▶ _WORK REQUEST_:
Beginning at the line containing "Model each item" in the material below and ending at the line containing "#9 car (153,197,158,200)", return each line exactly and add nothing.

*** Opening SOURCE DATA ***

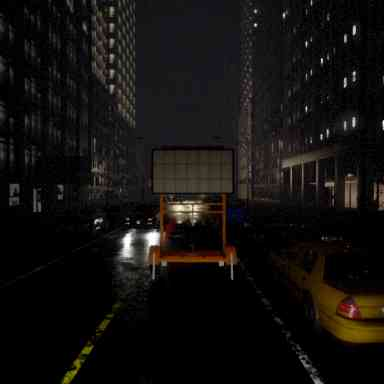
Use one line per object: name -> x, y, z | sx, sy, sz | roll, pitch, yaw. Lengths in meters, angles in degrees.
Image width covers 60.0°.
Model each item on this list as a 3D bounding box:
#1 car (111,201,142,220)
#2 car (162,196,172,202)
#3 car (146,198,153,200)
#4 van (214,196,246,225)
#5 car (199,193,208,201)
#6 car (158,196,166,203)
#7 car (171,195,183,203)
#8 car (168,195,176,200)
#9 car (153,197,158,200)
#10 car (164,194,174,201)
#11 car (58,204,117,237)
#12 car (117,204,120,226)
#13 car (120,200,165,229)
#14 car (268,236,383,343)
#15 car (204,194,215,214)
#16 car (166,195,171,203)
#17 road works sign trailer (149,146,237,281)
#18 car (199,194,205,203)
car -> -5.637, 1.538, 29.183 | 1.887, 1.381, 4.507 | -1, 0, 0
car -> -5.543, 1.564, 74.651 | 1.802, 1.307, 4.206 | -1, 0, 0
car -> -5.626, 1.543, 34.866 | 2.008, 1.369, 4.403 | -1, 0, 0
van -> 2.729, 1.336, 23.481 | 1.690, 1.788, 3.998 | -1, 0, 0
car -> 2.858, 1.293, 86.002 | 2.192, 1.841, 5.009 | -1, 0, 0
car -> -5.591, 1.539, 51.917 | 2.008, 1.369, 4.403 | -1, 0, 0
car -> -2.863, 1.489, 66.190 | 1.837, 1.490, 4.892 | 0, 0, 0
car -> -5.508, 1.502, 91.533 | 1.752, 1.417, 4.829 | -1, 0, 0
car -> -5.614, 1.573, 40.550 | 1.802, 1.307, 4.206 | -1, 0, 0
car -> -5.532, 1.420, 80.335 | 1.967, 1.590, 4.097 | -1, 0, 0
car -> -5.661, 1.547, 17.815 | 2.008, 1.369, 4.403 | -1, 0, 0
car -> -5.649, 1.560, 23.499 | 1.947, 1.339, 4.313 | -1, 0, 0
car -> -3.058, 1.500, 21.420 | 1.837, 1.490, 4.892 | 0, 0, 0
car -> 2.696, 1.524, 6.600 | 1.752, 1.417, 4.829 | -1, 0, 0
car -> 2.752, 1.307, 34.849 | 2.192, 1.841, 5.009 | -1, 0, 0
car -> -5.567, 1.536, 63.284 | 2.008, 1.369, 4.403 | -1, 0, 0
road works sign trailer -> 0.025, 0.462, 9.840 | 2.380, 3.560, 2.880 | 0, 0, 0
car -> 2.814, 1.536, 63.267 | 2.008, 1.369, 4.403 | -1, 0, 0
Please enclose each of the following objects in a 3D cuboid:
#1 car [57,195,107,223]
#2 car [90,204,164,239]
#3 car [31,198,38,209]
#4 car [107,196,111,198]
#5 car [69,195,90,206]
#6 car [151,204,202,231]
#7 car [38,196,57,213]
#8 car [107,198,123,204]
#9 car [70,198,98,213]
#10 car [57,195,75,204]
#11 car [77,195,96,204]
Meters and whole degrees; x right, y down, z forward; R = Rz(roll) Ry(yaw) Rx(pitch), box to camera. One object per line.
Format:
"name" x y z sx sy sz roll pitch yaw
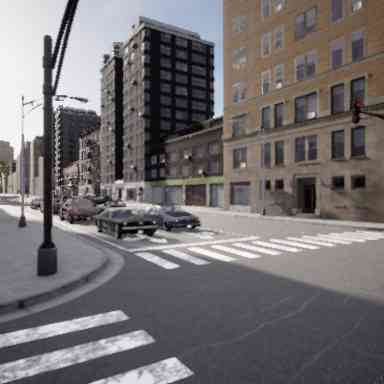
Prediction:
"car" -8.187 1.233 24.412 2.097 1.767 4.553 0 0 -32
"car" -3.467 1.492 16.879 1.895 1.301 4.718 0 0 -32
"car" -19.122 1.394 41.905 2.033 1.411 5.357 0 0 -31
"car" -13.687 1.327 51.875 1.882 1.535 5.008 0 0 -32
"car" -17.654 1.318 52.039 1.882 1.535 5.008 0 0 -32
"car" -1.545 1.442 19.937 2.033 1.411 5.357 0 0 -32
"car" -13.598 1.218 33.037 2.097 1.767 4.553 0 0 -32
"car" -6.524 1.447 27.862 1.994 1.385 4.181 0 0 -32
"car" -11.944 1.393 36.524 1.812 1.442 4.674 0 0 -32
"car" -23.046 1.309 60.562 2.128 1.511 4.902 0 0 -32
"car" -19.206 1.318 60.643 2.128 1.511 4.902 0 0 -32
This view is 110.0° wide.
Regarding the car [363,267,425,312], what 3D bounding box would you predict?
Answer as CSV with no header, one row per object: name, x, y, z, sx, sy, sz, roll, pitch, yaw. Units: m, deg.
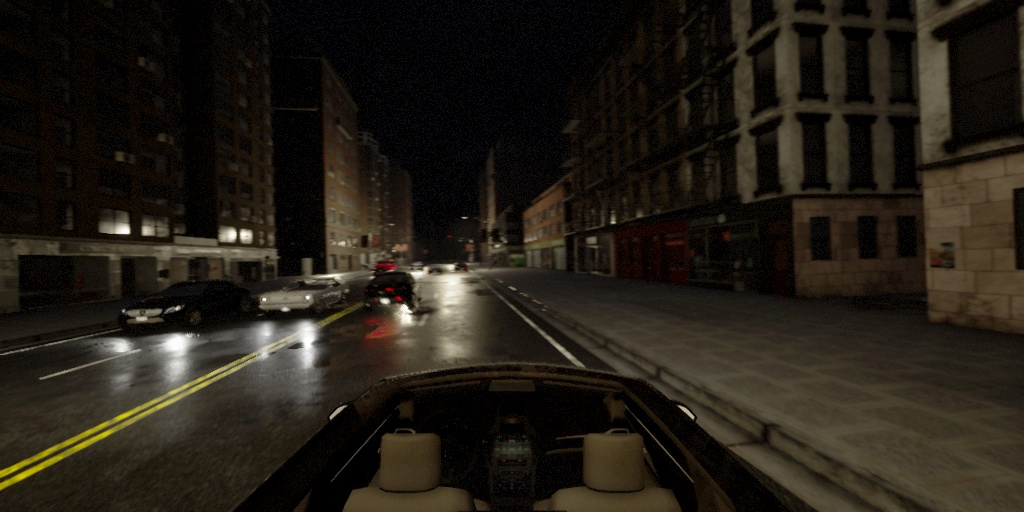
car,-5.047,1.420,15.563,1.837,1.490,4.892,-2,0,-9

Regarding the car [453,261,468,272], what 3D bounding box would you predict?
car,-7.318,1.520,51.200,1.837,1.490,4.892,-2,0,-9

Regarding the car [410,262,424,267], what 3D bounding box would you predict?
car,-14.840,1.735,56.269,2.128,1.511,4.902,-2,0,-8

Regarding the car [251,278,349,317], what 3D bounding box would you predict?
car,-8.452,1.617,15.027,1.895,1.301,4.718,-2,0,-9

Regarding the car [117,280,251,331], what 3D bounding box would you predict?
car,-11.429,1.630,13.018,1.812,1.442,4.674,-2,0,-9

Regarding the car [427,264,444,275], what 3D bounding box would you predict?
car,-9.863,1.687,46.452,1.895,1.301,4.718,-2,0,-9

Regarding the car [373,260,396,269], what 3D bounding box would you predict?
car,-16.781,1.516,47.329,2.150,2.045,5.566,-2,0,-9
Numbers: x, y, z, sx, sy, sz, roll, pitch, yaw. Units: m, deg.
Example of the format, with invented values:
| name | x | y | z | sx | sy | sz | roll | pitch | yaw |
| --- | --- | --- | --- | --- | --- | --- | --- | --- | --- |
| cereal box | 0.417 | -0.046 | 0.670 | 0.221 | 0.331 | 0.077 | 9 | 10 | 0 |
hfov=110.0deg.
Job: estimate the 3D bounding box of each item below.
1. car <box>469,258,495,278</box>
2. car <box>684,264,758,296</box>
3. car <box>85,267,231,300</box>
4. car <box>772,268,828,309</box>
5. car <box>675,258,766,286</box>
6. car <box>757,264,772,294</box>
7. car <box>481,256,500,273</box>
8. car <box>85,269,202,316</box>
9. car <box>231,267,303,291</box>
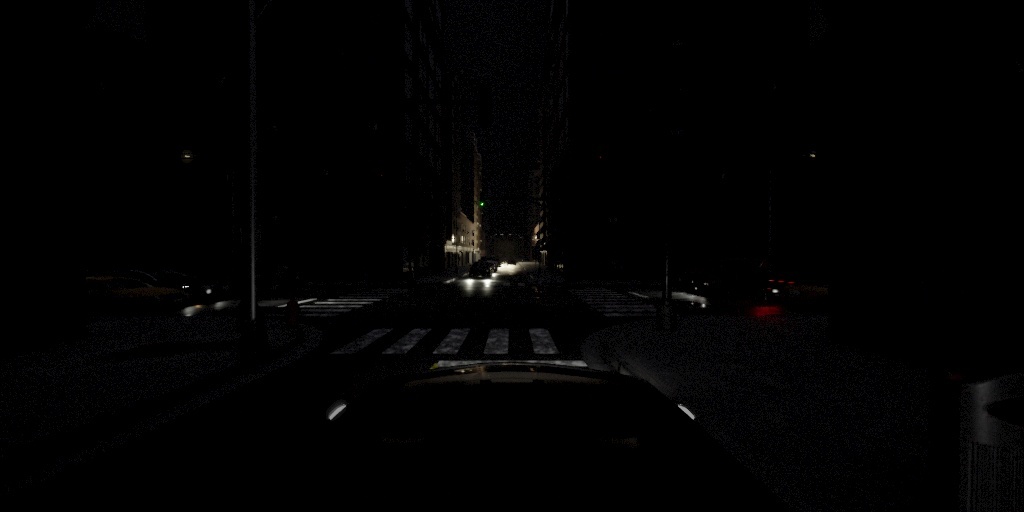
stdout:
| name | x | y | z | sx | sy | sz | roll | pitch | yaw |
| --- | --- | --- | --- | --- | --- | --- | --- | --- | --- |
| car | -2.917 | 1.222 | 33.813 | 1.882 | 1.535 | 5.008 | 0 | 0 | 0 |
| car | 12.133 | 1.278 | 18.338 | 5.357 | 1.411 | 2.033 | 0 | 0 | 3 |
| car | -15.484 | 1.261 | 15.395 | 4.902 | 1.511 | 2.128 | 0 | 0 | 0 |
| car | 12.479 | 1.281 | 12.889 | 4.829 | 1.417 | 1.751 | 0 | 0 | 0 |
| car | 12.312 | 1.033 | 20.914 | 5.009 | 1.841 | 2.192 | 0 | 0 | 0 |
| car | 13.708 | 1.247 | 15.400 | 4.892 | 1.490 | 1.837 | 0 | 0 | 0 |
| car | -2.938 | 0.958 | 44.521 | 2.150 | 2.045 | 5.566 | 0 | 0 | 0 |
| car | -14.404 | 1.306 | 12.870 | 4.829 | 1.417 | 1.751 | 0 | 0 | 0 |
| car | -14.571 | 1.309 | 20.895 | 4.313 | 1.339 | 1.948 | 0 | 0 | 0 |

*** Closing SOURCE DATA ***
*** Opening SOURCE DATA ***

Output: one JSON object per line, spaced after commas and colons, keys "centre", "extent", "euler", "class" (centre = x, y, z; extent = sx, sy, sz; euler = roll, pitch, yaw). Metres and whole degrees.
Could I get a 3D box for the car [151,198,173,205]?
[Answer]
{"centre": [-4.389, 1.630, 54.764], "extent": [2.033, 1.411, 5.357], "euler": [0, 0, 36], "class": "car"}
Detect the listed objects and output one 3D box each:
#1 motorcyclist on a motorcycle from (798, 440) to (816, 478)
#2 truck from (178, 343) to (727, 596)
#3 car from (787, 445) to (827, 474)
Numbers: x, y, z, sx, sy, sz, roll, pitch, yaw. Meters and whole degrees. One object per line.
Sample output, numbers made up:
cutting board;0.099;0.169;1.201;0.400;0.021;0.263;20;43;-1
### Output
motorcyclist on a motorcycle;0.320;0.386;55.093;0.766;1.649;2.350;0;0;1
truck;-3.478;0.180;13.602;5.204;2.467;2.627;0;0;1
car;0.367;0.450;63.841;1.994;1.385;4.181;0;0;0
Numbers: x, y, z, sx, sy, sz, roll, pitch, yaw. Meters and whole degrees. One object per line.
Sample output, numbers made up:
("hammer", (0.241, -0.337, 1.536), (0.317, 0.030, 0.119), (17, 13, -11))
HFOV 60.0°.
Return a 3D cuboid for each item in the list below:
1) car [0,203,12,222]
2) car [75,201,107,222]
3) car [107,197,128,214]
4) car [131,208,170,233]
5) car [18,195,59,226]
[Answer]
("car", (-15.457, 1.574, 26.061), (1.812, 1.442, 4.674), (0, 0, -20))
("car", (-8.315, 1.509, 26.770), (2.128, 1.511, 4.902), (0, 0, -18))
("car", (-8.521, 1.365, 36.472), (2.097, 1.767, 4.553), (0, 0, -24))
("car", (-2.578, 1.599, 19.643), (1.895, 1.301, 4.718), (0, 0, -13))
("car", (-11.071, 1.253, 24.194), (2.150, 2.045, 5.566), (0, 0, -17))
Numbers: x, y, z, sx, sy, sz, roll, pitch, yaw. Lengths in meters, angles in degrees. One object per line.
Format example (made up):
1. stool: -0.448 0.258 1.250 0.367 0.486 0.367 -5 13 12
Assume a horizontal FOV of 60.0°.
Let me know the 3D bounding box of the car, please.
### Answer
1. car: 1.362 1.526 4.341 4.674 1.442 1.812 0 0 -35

*** Closing SOURCE DATA ***

▶ _SOLUTION TO THIS PROBLEM_:
Model each item on this list as a 3D bounding box:
#1 car (111,201,142,220)
#2 car (162,196,172,202)
#3 car (146,198,153,200)
#4 van (214,196,246,225)
#5 car (199,193,208,201)
#6 car (158,196,166,203)
#7 car (171,195,183,203)
#8 car (168,195,176,200)
#9 car (153,197,158,200)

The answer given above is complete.